Information shown -
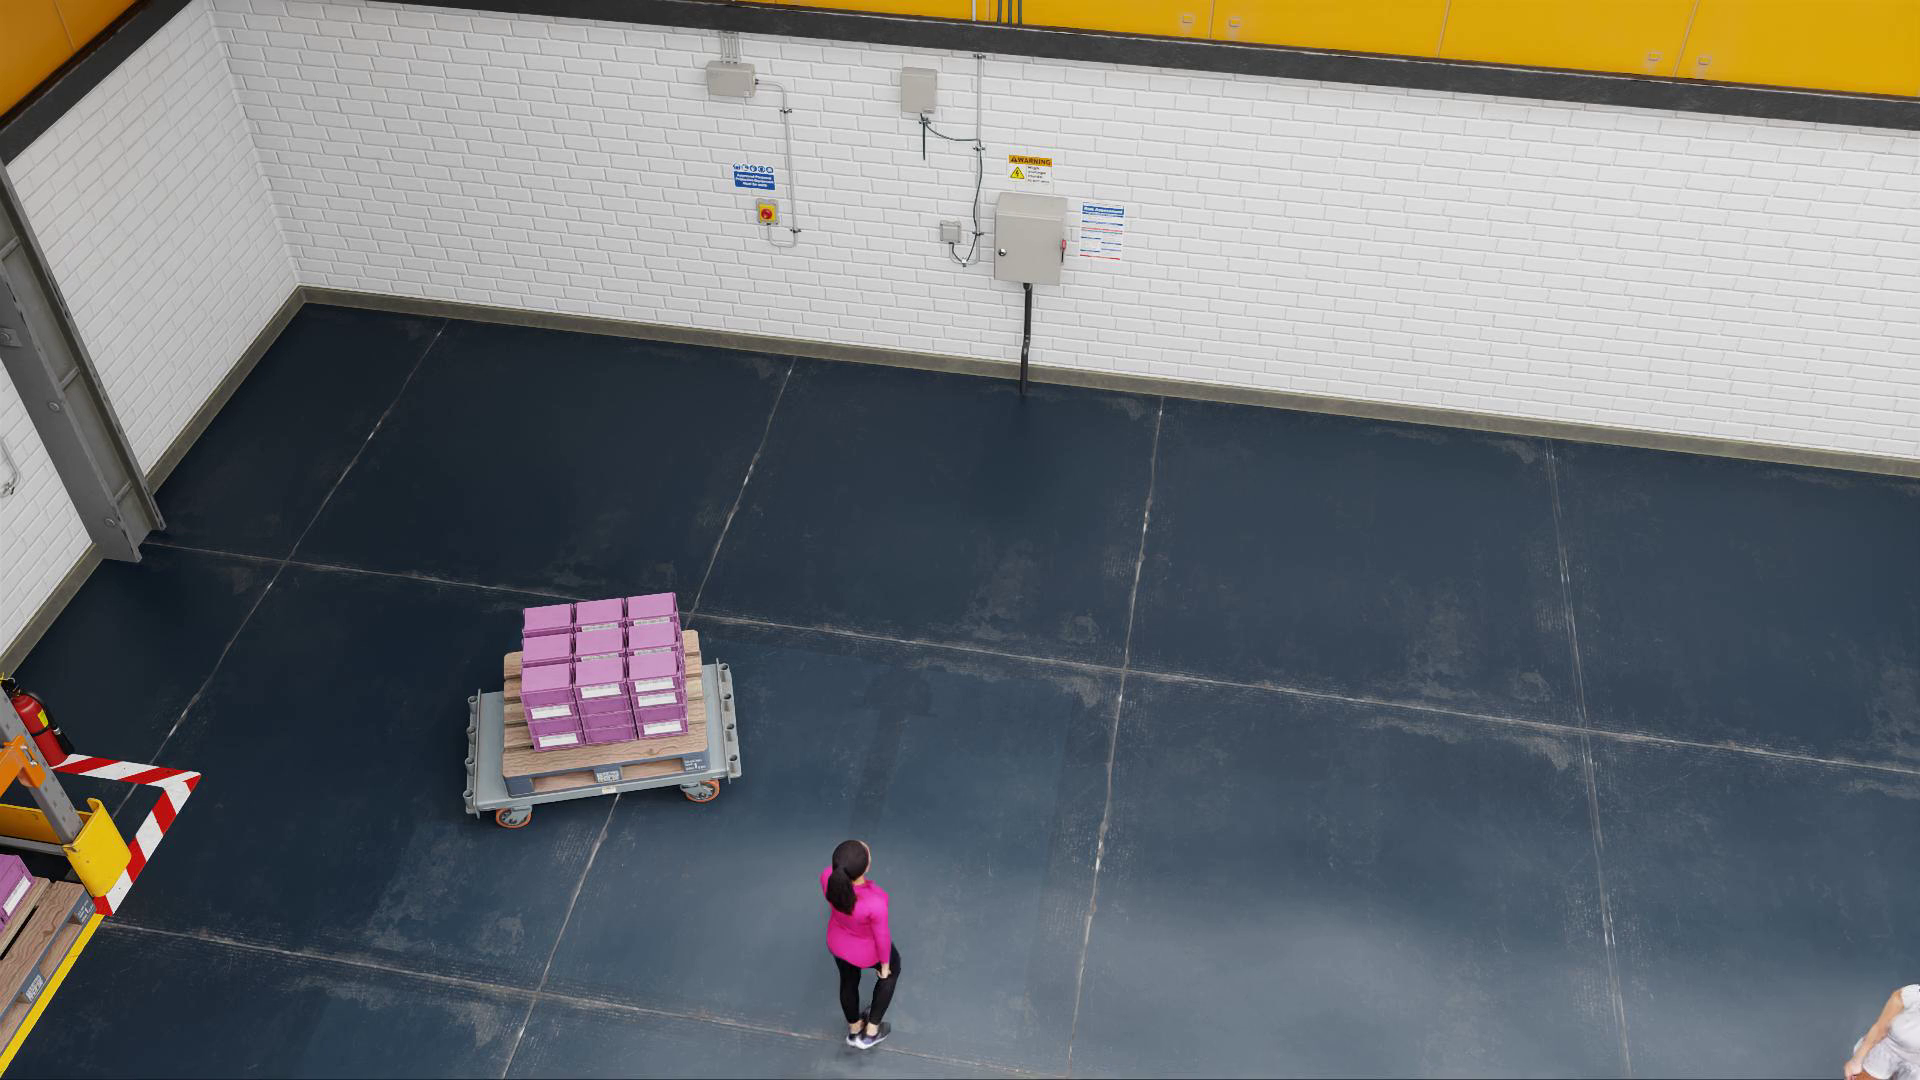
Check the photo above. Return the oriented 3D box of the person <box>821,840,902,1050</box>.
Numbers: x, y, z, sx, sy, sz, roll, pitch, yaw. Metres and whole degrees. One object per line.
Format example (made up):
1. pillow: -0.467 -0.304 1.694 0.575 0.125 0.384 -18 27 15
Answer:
1. person: -0.572 2.142 8.548 0.662 1.689 0.693 22 48 21
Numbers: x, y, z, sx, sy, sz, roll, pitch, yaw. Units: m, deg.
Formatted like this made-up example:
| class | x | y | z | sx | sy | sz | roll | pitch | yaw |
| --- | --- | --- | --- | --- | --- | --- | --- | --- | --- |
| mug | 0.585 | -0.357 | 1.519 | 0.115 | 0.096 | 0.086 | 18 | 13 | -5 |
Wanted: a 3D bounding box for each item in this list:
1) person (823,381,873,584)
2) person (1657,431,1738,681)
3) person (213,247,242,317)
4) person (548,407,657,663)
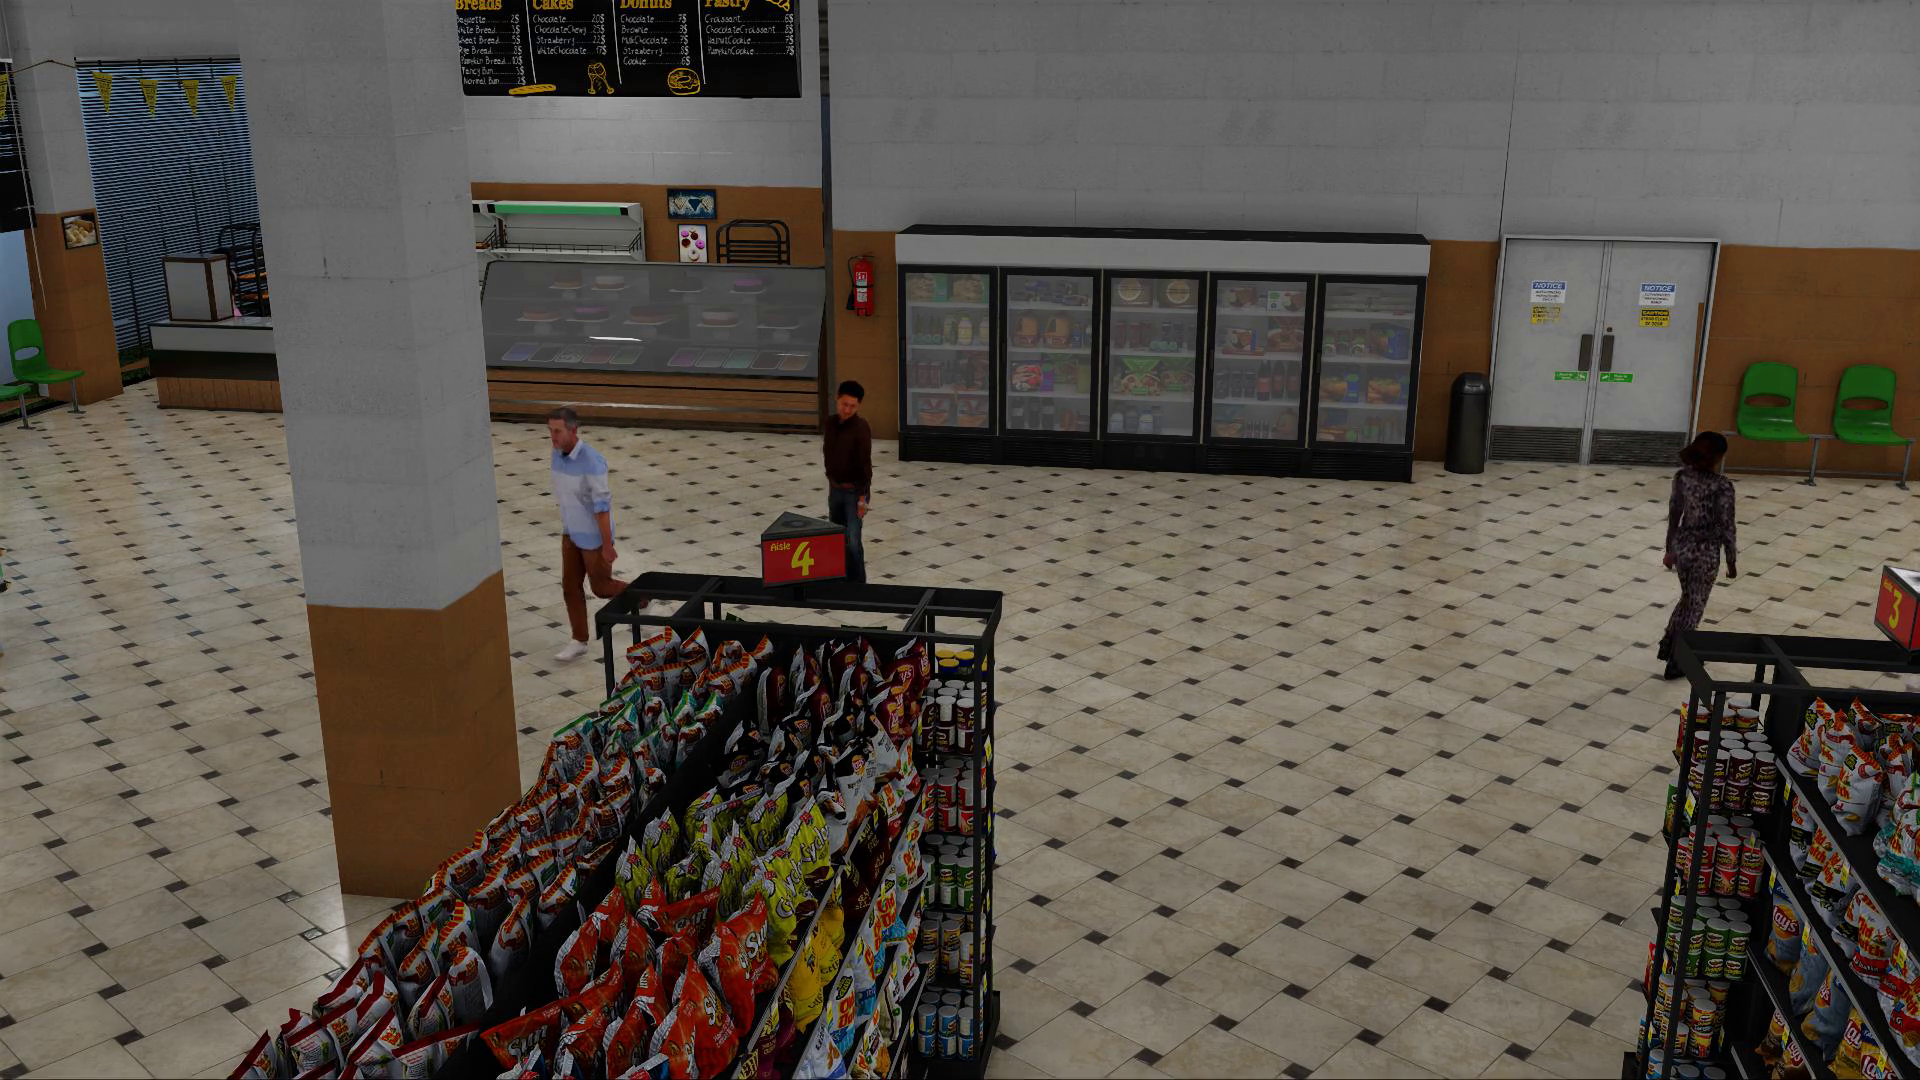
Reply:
| class | x | y | z | sx | sy | sz | roll | pitch | yaw |
| --- | --- | --- | --- | --- | --- | --- | --- | --- | --- |
| person | -0.835 | -0.358 | 12.551 | 0.881 | 1.736 | 0.891 | -11 | 20 | -32 |
| person | 4.821 | 0.126 | 11.011 | 0.774 | 1.704 | 0.710 | -8 | 19 | -25 |
| person | -8.866 | -2.675 | 20.173 | 0.679 | 1.741 | 0.506 | 0 | 17 | -1 |
| person | -2.513 | -0.061 | 11.506 | 0.993 | 1.775 | 1.192 | 13 | 21 | 36 |
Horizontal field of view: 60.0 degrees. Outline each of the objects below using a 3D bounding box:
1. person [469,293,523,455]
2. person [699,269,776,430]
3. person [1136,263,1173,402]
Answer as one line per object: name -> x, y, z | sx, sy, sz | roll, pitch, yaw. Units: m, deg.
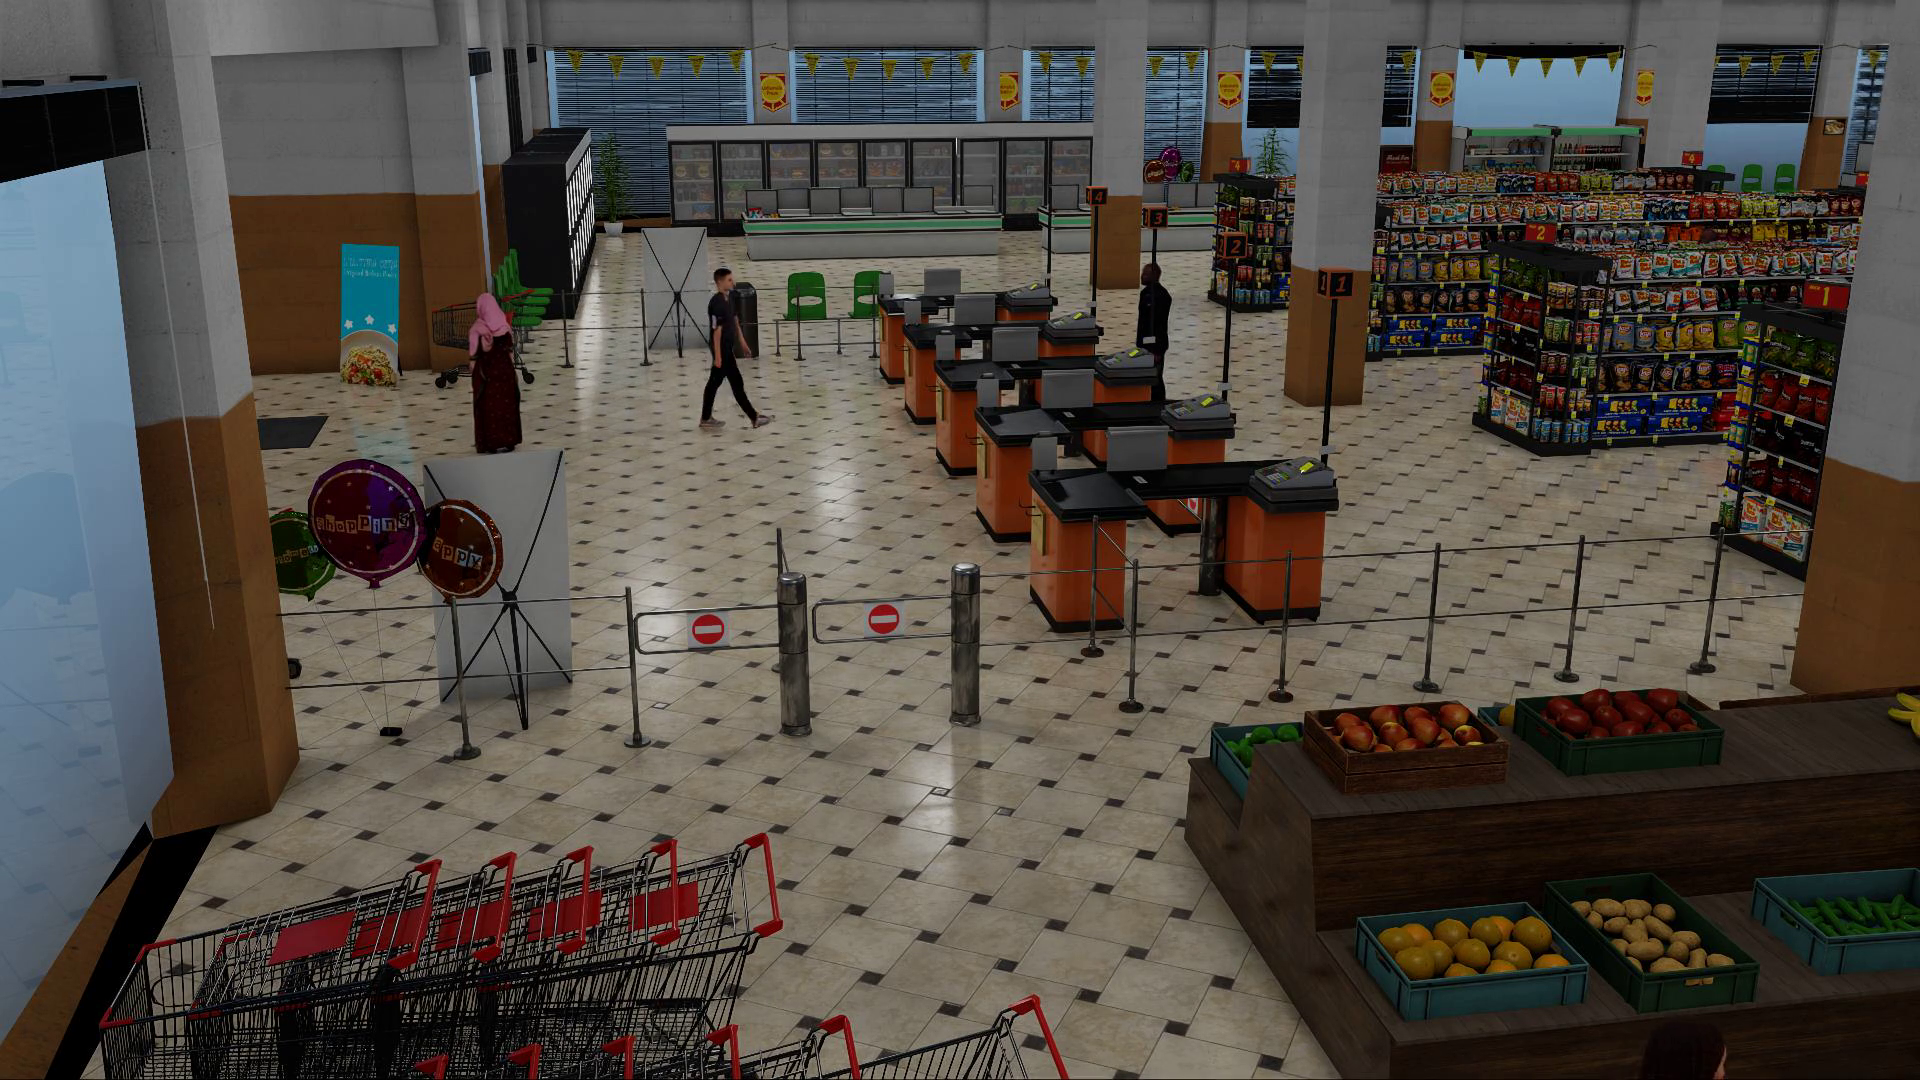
person -> -4.762, -1.705, 16.971 | 0.710, 1.634, 0.836 | -12, 20, -34
person -> -2.616, -2.010, 17.821 | 1.161, 1.723, 0.855 | 1, 17, 4
person -> 2.068, -2.065, 17.839 | 0.627, 1.817, 0.721 | -5, 18, -17

Aim of the exercise - Your answer must be an exact copy of the records above, with no pictures included.

Solution for this exercise -
Check the photo above. Return the oriented 3D box of the person <box>821,840,902,1050</box>.
Numbers: x, y, z, sx, sy, sz, roll, pitch, yaw. Metres and whole degrees. One object per line.
Format example (made up):
1. pillow: -0.467 -0.304 1.694 0.575 0.125 0.384 -18 27 15
Answer:
1. person: -0.572 2.142 8.548 0.662 1.689 0.693 22 48 21
Numbers: x, y, z, sx, sy, sz, roll, pitch, yaw. Units: m, deg.
Formatted like this made-up example:
| class | x | y | z | sx | sy | sz | roll | pitch | yaw |
| --- | --- | --- | --- | --- | --- | --- | --- | --- | --- |
| mug | 0.585 | -0.357 | 1.519 | 0.115 | 0.096 | 0.086 | 18 | 13 | -5 |
Wanted: a 3D bounding box for each item in this list:
1) person (823,381,873,584)
2) person (1657,431,1738,681)
3) person (213,247,242,317)
4) person (548,407,657,663)
Reply:
| class | x | y | z | sx | sy | sz | roll | pitch | yaw |
| --- | --- | --- | --- | --- | --- | --- | --- | --- | --- |
| person | -0.835 | -0.358 | 12.551 | 0.881 | 1.736 | 0.891 | -11 | 20 | -32 |
| person | 4.821 | 0.126 | 11.011 | 0.774 | 1.704 | 0.710 | -8 | 19 | -25 |
| person | -8.866 | -2.675 | 20.173 | 0.679 | 1.741 | 0.506 | 0 | 17 | -1 |
| person | -2.513 | -0.061 | 11.506 | 0.993 | 1.775 | 1.192 | 13 | 21 | 36 |
Horizontal field of view: 60.0 degrees. Outline each of the objects below using a 3D bounding box:
1. person [469,293,523,455]
2. person [699,269,776,430]
3. person [1136,263,1173,402]
Answer as one line per object: name -> x, y, z | sx, sy, sz | roll, pitch, yaw. Units: m, deg.
person -> -4.762, -1.705, 16.971 | 0.710, 1.634, 0.836 | -12, 20, -34
person -> -2.616, -2.010, 17.821 | 1.161, 1.723, 0.855 | 1, 17, 4
person -> 2.068, -2.065, 17.839 | 0.627, 1.817, 0.721 | -5, 18, -17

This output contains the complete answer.